- [TASK BRIEF]
What this exercise needs is every entry restated as written, with no pictures.

(MATERIALS PROVIDED Opens)

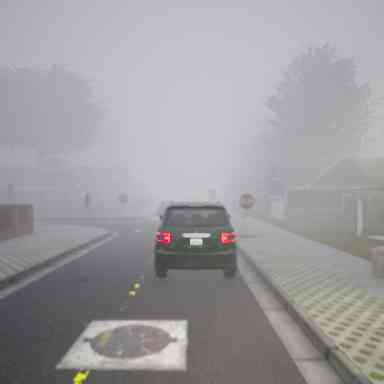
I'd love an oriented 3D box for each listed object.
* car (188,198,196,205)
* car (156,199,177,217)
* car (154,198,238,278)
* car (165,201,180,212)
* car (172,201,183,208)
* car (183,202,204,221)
[{"bbox_3d":[0.053,2.252,79.873,1.837,1.490,4.892,0,-1,0],"label":"car"},{"bbox_3d":[-2.819,1.756,37.745,2.097,1.767,4.553,0,-1,0],"label":"car"},{"bbox_3d":[0.105,1.322,10.570,2.150,2.045,5.566,0,-1,0],"label":"car"},{"bbox_3d":[-2.805,2.091,48.773,1.994,1.385,4.181,0,-1,0],"label":"car"},{"bbox_3d":[-2.749,2.299,63.091,1.895,1.301,4.718,0,-1,1],"label":"car"},{"bbox_3d":[0.121,1.821,32.328,1.882,1.535,5.008,0,-1,0],"label":"car"}]
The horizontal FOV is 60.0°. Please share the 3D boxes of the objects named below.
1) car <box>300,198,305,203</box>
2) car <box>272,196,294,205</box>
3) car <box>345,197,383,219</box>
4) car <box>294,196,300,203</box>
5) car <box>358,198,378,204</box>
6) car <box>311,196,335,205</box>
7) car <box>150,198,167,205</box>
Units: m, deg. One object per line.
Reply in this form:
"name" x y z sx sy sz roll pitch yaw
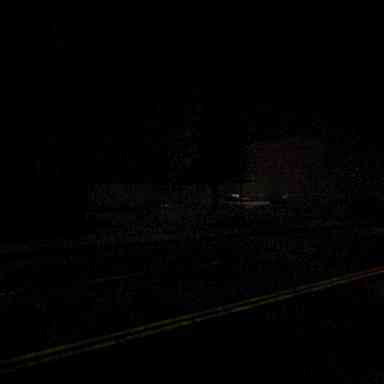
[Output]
"car" 28.235 2.010 90.345 1.932 1.855 4.605 1 0 -36
"car" 23.717 2.189 87.068 1.970 1.475 3.806 1 0 -36
"car" 18.178 1.681 32.980 2.097 1.767 4.553 1 -1 -36
"car" 26.076 2.190 88.746 1.784 1.438 3.905 1 0 -36
"car" 43.887 2.316 82.921 1.784 1.438 3.905 1 0 -36
"car" 27.778 2.123 71.420 1.970 1.475 3.806 1 0 -36
"car" -6.792 1.938 67.783 1.994 1.385 4.181 1 0 -36

(MATERIALS PROVIDED Closes)

- [RESULT OF THIS TASK]
I'd love an oriented 3D box for each listed object.
* car (188,198,196,205)
* car (156,199,177,217)
* car (154,198,238,278)
* car (165,201,180,212)
* car (172,201,183,208)
* car (183,202,204,221)
[{"bbox_3d":[0.053,2.252,79.873,1.837,1.490,4.892,0,-1,0],"label":"car"},{"bbox_3d":[-2.819,1.756,37.745,2.097,1.767,4.553,0,-1,0],"label":"car"},{"bbox_3d":[0.105,1.322,10.570,2.150,2.045,5.566,0,-1,0],"label":"car"},{"bbox_3d":[-2.805,2.091,48.773,1.994,1.385,4.181,0,-1,0],"label":"car"},{"bbox_3d":[-2.749,2.299,63.091,1.895,1.301,4.718,0,-1,1],"label":"car"},{"bbox_3d":[0.121,1.821,32.328,1.882,1.535,5.008,0,-1,0],"label":"car"}]
The horizontal FOV is 60.0°. Please share the 3D boxes of the objects named below.
1) car <box>300,198,305,203</box>
2) car <box>272,196,294,205</box>
3) car <box>345,197,383,219</box>
4) car <box>294,196,300,203</box>
5) car <box>358,198,378,204</box>
6) car <box>311,196,335,205</box>
7) car <box>150,198,167,205</box>
Units: m, deg. One object per line.
Reply in this form:
"name" x y z sx sy sz roll pitch yaw
[Output]
"car" 28.235 2.010 90.345 1.932 1.855 4.605 1 0 -36
"car" 23.717 2.189 87.068 1.970 1.475 3.806 1 0 -36
"car" 18.178 1.681 32.980 2.097 1.767 4.553 1 -1 -36
"car" 26.076 2.190 88.746 1.784 1.438 3.905 1 0 -36
"car" 43.887 2.316 82.921 1.784 1.438 3.905 1 0 -36
"car" 27.778 2.123 71.420 1.970 1.475 3.806 1 0 -36
"car" -6.792 1.938 67.783 1.994 1.385 4.181 1 0 -36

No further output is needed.